Quando a porta está aberta vejo o lado de lá.
Parede branca, no lado esquerdo, um poema escrito na
parede como tela em moldura invisível, encimando um armário em metal cinzento
com uma pilha de pastas de cartolina, em cima, cuja função ou proveniência não
consigo identificar.
O rodapé é de mosaico com os mesmos motivos dos
mosaicos do chão, pintalgados, a preto e branco.
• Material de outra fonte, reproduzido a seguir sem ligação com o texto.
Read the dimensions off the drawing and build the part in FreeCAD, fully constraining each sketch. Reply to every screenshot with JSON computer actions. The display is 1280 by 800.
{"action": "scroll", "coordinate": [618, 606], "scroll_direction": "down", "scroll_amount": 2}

Tudo no outro lado parece a
preto e branco como numa foto já longínqua ou talvez recente mas como se
artista tivesse preferido um "flash" mais monocromático.
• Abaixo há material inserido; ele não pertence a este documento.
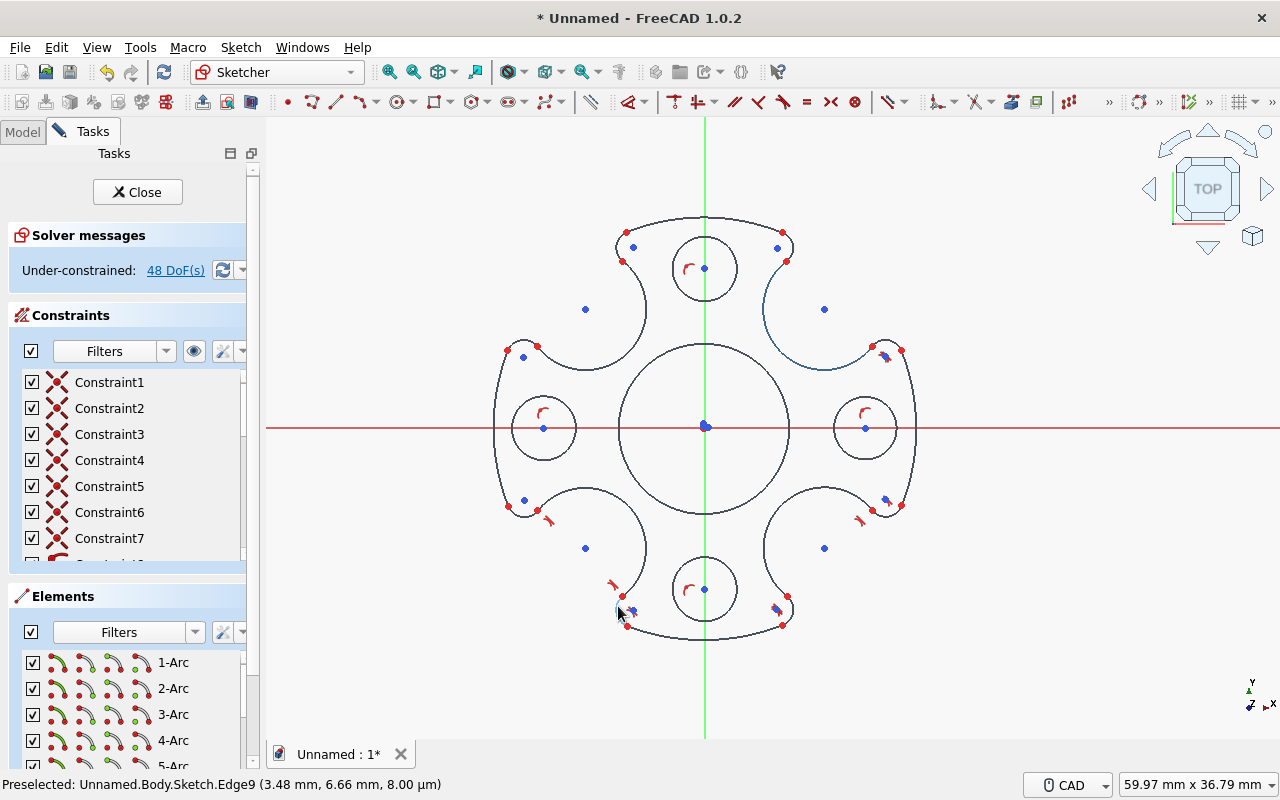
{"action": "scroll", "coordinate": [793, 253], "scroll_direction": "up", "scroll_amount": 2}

Quando a porta está fechada vejo apenas o lado de
cá.
E a porta, claro!
Do lado de cá, por cima da porta, há uma fileira de
quatro leds e logo acima desta, um dístico verde com um boneco branco a correr
para uma escada indicando uma saída em caso de emergência.
Emergência!
É por isso que a porta tem a meio uma barra metálica
que serve para que se abra rapidamente "para fora". Mas, não é
verdade que haja portas que abram para fora. As portas abrem todas para um
lado. Não abrem para fora pois quando abrem para fora, abrem também para dentro
de outro lado. Abrem para fora porque as empurramos mas, do outro lado abrem
para dentro porque as puxamos.
Hoje, alguém deixou um chapéu de chuva encostado
à parede do lado de cá, junto à ombreira do lado direito. O dia tem estado
irregular pois amanheceu com Sol mas, já ao início da tarde, o céu escureceu,
entristecendo o cenário lá fora.
Terá sido alguma corrente de ar que fez bater a porta,
fechando-a num estrondo? Não
sei!
Mas sei que as portas fechadas, como não deixam ver o
outro lado isolam a nossa visão, mas dão-nos asas à nossa imaginação e é como
se ficássemos com olhos virados para dentro da cabeça. Os nossos sonhos tão
infinitamente libertários não têm portas que os encerrem.